Expression of either kayFbz.Scer\UAS or CrebB-17AScer\UAS.b.cYa in motor neurons under the control of Scer\GAL4unspecified suppresses the increased synaptic growth and transmitter release observed at the neuromuscular junction in comt6 Ca-P60AKum170 larvae.
Larval neurons heterozygous for Ca-P60AKum170 in a Itp-r83Aka1091/Itp-r83Aug3 background exhibit elevated levels of basal cytosolic Ca[2+].
Ca-P60AKum170/olf186-FEY01467; Itp-r83Aka1091/Itp-r83Aug3 flies exhibit normal wings and normal levels of spontaneous electrical activity in DLM recordings. Flight ability is restored in a significant number of these triple mutant flies. Ca-P60AKum170/+; Itp-r83Aka1091/Itp-r83Aug3 mutants. Over 60% of olf186-Fk11505/Ca-P60AKum170; Itp-r83Aka1091/Itp-r83Aug3 adults and approximately 50% of olf186-FEY01467/Ca-P60AKum170; Itp-r83Aka1091/Itp-r83Aug3 adults pass as 'fliers' in the cylinder drop test assay. Air-puff delivery elicited sustainable rhythmic flight patterns similar to wild-type in a high proportion of these flies.
The presence of Ca-P60AKum170 has no effect on Ca[2+] release through the InsP[[3]]R on carbachol stimulation in Itp-r83Aka1091/Itp-r83Aug3 mutants.

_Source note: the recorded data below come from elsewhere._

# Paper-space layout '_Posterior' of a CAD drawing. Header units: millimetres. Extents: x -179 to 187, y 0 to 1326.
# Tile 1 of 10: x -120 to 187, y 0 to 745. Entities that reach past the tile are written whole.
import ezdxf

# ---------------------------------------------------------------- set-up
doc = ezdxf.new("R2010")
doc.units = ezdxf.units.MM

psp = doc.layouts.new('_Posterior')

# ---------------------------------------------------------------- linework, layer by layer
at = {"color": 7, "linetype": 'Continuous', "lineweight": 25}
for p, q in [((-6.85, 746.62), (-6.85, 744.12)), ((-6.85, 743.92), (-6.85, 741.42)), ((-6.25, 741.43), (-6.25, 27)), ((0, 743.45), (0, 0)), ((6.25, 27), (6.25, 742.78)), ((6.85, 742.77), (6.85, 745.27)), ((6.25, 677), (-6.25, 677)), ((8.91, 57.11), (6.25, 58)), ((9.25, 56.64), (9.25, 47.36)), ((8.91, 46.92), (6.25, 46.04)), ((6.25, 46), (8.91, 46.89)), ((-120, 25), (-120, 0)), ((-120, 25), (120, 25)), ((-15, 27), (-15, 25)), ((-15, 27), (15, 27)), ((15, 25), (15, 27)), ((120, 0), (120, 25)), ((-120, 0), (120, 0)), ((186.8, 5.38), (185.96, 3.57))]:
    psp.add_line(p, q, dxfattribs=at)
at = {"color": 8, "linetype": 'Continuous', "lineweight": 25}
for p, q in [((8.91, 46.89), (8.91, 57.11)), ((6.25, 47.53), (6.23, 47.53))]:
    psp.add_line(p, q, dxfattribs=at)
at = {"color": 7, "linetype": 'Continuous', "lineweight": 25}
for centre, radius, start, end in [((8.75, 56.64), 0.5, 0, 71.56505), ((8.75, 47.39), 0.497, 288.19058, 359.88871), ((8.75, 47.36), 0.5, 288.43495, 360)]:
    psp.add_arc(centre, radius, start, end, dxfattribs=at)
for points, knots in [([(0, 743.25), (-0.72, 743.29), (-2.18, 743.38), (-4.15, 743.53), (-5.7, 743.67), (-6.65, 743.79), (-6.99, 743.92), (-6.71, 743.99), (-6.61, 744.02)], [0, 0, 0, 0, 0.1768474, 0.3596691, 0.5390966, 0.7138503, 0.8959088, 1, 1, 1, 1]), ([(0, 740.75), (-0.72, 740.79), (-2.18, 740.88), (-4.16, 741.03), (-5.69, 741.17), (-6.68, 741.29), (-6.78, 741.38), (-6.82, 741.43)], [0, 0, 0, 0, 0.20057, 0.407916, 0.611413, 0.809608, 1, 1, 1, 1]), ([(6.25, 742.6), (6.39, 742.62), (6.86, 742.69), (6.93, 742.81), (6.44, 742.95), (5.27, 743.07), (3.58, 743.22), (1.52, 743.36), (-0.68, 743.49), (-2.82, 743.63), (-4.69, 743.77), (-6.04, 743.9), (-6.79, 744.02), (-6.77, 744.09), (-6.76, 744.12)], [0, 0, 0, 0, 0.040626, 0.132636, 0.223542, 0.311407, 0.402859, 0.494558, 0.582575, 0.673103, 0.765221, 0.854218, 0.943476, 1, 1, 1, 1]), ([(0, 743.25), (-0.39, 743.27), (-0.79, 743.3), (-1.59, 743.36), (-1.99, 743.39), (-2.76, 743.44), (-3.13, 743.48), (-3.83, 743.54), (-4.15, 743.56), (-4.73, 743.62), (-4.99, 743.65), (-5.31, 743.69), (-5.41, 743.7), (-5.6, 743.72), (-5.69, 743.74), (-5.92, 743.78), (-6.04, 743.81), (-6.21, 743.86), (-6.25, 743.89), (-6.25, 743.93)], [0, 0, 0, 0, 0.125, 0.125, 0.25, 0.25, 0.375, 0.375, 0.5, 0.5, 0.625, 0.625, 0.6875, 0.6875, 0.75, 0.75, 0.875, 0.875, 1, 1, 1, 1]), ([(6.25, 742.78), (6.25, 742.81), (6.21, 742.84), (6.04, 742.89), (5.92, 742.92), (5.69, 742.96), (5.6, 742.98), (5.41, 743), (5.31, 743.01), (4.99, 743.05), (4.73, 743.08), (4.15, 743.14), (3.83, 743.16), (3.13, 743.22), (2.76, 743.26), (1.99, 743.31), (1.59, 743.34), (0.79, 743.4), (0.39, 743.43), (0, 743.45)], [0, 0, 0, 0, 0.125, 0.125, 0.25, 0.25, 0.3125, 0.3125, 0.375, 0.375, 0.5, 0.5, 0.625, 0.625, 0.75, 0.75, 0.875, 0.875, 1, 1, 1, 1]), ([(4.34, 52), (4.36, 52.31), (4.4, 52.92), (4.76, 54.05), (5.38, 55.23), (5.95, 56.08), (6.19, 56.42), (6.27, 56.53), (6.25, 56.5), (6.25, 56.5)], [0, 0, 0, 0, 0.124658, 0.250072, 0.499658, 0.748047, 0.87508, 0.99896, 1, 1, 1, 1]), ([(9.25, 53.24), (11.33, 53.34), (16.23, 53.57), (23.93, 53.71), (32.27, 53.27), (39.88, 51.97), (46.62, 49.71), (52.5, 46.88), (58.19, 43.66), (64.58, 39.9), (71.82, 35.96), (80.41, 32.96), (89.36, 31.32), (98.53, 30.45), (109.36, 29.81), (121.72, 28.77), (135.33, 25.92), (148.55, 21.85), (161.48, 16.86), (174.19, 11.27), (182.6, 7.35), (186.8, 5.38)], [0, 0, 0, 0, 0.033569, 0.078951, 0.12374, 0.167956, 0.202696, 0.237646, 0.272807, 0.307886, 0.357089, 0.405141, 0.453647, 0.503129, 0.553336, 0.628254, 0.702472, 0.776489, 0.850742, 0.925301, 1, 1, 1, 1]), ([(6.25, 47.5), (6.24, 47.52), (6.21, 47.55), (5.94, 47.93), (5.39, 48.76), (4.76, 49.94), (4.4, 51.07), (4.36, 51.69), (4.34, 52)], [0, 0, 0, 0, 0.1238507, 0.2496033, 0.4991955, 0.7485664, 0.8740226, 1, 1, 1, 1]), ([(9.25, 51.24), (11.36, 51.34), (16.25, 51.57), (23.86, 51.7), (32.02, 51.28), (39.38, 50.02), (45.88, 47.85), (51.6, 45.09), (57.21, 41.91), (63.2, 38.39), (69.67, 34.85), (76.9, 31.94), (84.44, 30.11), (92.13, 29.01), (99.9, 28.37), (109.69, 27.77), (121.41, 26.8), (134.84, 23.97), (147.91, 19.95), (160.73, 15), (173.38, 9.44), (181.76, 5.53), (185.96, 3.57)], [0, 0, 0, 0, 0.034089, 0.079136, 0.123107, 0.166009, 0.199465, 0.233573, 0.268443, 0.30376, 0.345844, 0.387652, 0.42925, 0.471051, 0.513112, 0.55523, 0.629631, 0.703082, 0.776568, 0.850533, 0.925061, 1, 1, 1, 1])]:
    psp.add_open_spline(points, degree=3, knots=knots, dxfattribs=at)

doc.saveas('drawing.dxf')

The presence of olf186-FEY01467 in olf186-FEY01467/Ca-P60AKum170; Itp-r83Aka1091/Itp-r83Aug3 organisms restored carbachol-stimulated Ca[2+] release to wild-type levels.
The presence of a single copy of Ca-P60AKum170 delays Ca[2+] sequestration after carbachol-stimulated release, and leads to greater perdurance of the Ca[2+] peak; this effect of Ca-P60AKum170 is also present in cells derived from olf186-FEY01467/Ca-P60AKum170;Itp-r83Aka1091/Itp-r83Aug3 organisms.
Ca-P60AKum170 has a dominant effect and reduces levels of store Ca[2+] in all genotypes tested, including Ca-P60AKum170/+; Itp-r83Aka1091/Itp-r83Aug3 and Ca-P60AKum170/olf186-FEY01467; Itp-r83Aka1091/Itp-r83Aug3. Concurrent with the lower store, SOCE is greatly elevated in Ca-P60AKum170 heterozygotes. Significantly , SOCE is normal in neurons derived from Ca-P60AKum170/olf186-FEY01467; Itp-r83Aka1091/Itp-r83Aug3, as compared with single and double mutants.
The abnormal wing posture phenotype of Itp-r83Aka1091/Itp-r83Aug3 animals raised at 25'C is suppressed by Ca-P60AKum170/+. Lethality due to Itp-r83Aka1091/Itp-r83Aug3 in animals raised at 17'C is also suppressed by Ca-P60AKum170/+. The resulting animals have the same abnormal wing posture phenotype as Itp-r83Aka1091/Itp-r83Aug3 animals raised at 25'C.
Itp-r83Aka1091/Itp-r83Aug3 does not suppress the slow return to basal [Ca[2+]]i levels seen in neurons cultured from Ca-P60AKum170/+ larvae following depolarisation with 70mM KCl.
The reduced viability, abnormal wing posture, flight behaviour defects and increased spontaneous firing at NMJs seen in Itp-r83Awc703/Itp-r83Awc361; Gα49B221c/+ animals, and more severely in Itp-r83Awc703/Itp-r83Awc361; Gα49B221c/Plc21Ck31911 animals, are largely suppressed by Ca-P60AKum170/+.
comt6; Ca-P60AKum170 double mutants show an increase in strong, spontaneous DLM activity in response to restrictive temperatures that is similar to comt6 single mutants. comt6 parats1; Ca-P60AKum170 triple mutants do not show spontaneous DLM firing activity at 330C like comt6 and Ca-P60AKum170 single mutants, but these triple mutants do show an increase of activity when shifted to 400C, the restrictive temperature for parats1 mutants.
Selected as: a dominant mutation that results in paralysis of adults within 3 minutes at 40oC.